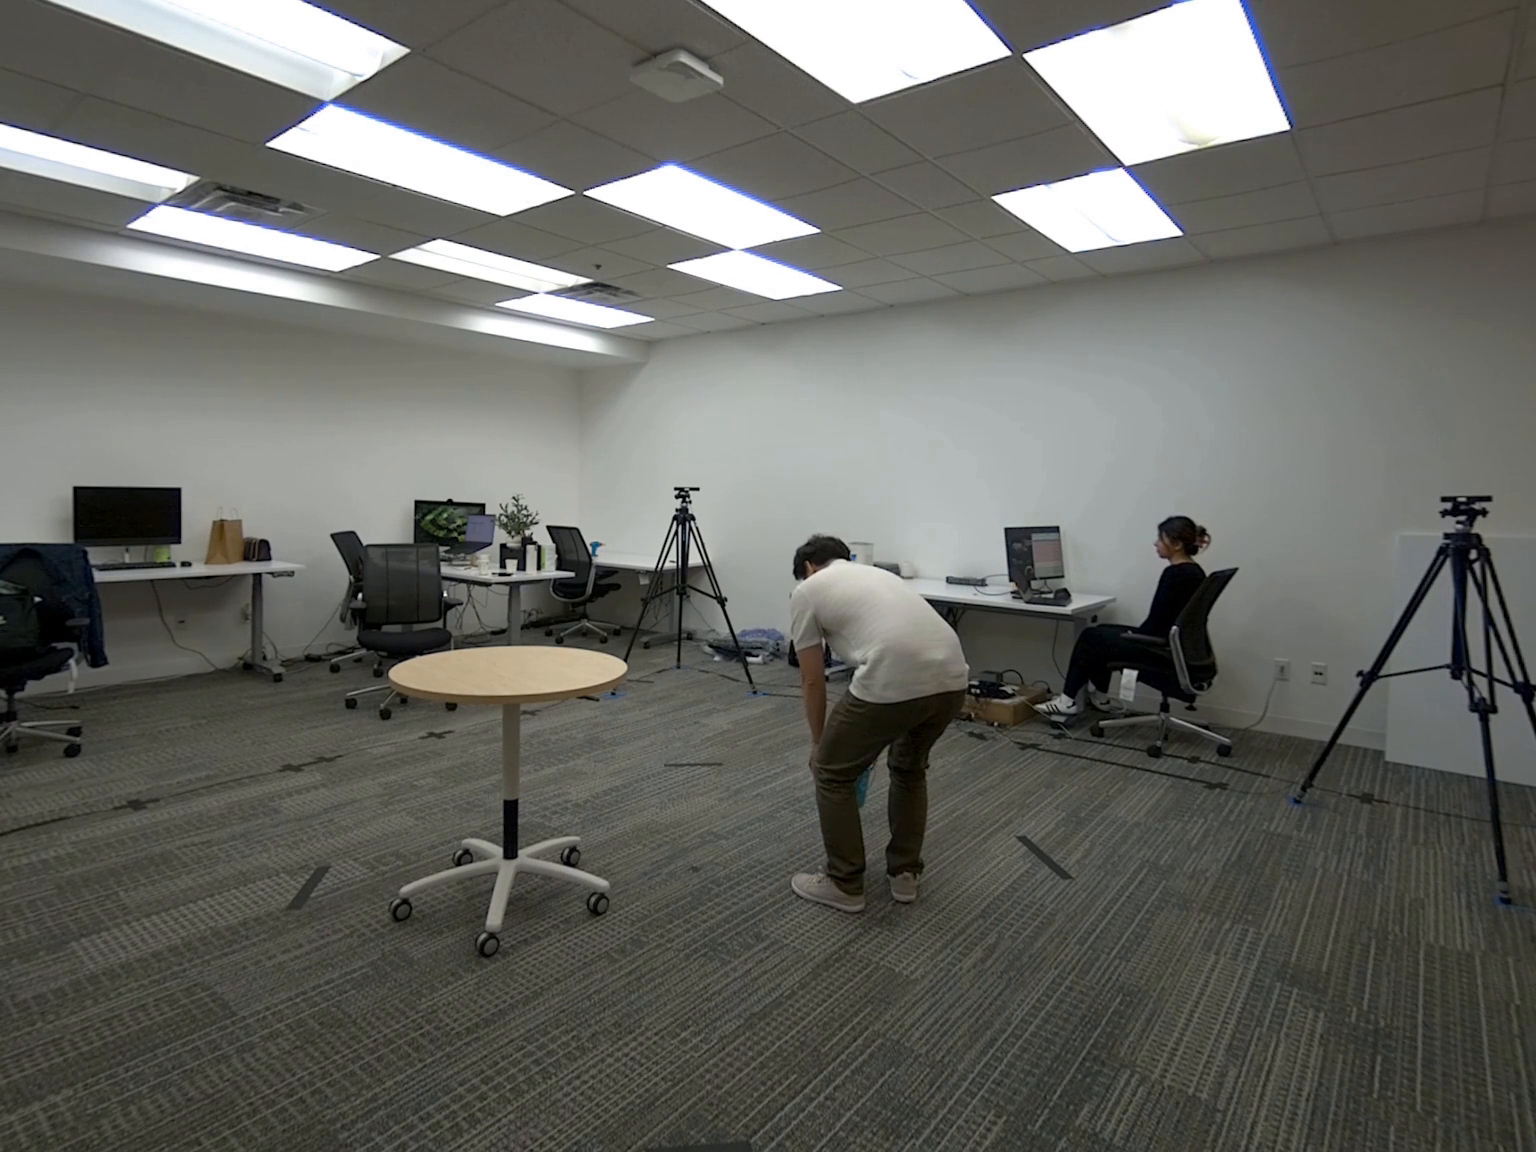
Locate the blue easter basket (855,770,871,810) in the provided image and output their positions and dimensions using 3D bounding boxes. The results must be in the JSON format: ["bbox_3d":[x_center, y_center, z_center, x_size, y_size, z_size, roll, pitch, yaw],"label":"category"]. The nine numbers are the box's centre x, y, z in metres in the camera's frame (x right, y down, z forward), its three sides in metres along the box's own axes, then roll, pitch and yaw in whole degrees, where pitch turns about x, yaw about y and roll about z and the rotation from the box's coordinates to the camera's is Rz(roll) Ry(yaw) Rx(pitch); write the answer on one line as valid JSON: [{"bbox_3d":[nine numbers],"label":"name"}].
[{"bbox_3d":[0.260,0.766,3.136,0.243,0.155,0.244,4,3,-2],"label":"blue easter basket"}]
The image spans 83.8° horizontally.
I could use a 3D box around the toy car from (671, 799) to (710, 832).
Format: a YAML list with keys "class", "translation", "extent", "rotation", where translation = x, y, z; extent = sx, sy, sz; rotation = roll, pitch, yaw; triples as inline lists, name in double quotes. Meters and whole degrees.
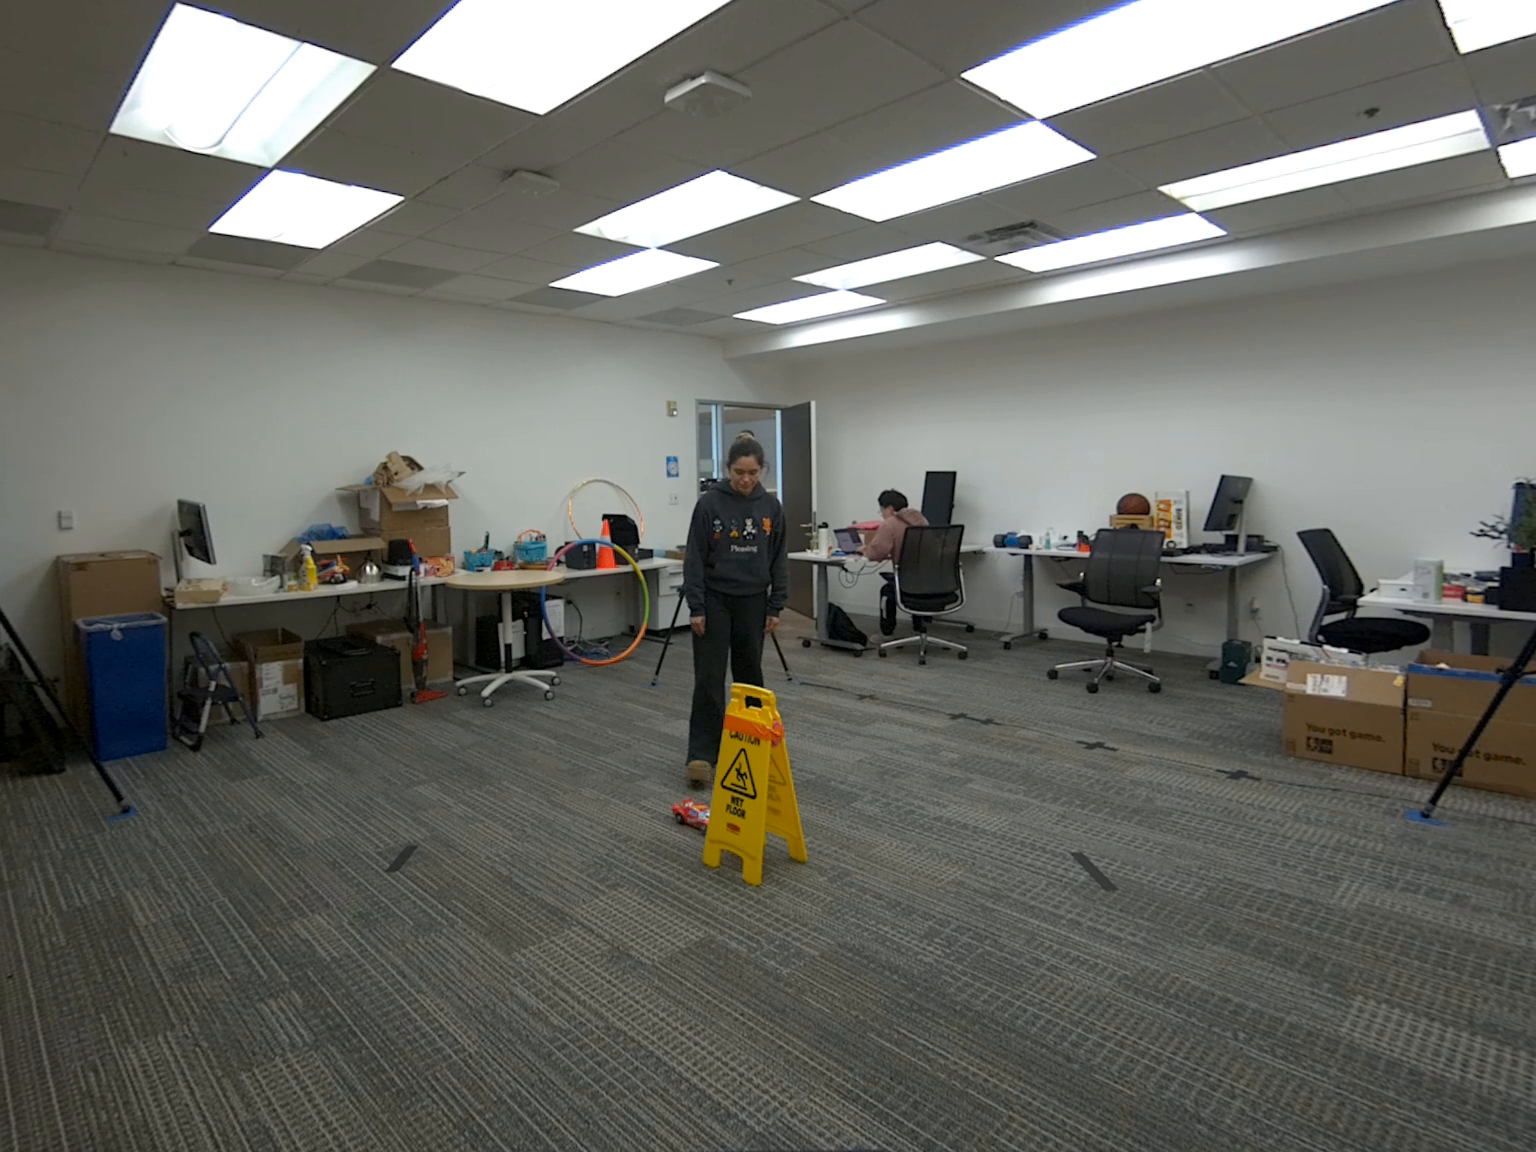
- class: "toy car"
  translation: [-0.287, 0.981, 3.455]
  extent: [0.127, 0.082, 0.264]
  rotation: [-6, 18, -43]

---

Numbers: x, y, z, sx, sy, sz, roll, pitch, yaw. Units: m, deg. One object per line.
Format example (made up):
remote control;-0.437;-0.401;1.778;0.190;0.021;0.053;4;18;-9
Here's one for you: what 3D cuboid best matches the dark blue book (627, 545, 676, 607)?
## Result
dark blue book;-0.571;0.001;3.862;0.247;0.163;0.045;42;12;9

Exercise —
Retype only the stretch of lines above starting at the one with "Locate the blue" and stopping at the one with "The image spans 83.8° horizontally.", exactly as written, with both kept.

Output —
Locate the blue easter basket (855,770,871,810) in the provided image and output their positions and dimensions using 3D bounding boxes. The results must be in the JSON format: ["bbox_3d":[x_center, y_center, z_center, x_size, y_size, z_size, roll, pitch, yaw],"label":"category"]. The nine numbers are the box's centre x, y, z in metres in the camera's frame (x right, y down, z forward), its three sides in metres along the box's own axes, then roll, pitch and yaw in whole degrees, where pitch turns about x, yaw about y and roll about z and the rotation from the box's coordinates to the camera's is Rz(roll) Ry(yaw) Rx(pitch); write the answer on one line as valid JSON: [{"bbox_3d":[nine numbers],"label":"name"}].
[{"bbox_3d":[0.260,0.766,3.136,0.243,0.155,0.244,4,3,-2],"label":"blue easter basket"}]
The image spans 83.8° horizontally.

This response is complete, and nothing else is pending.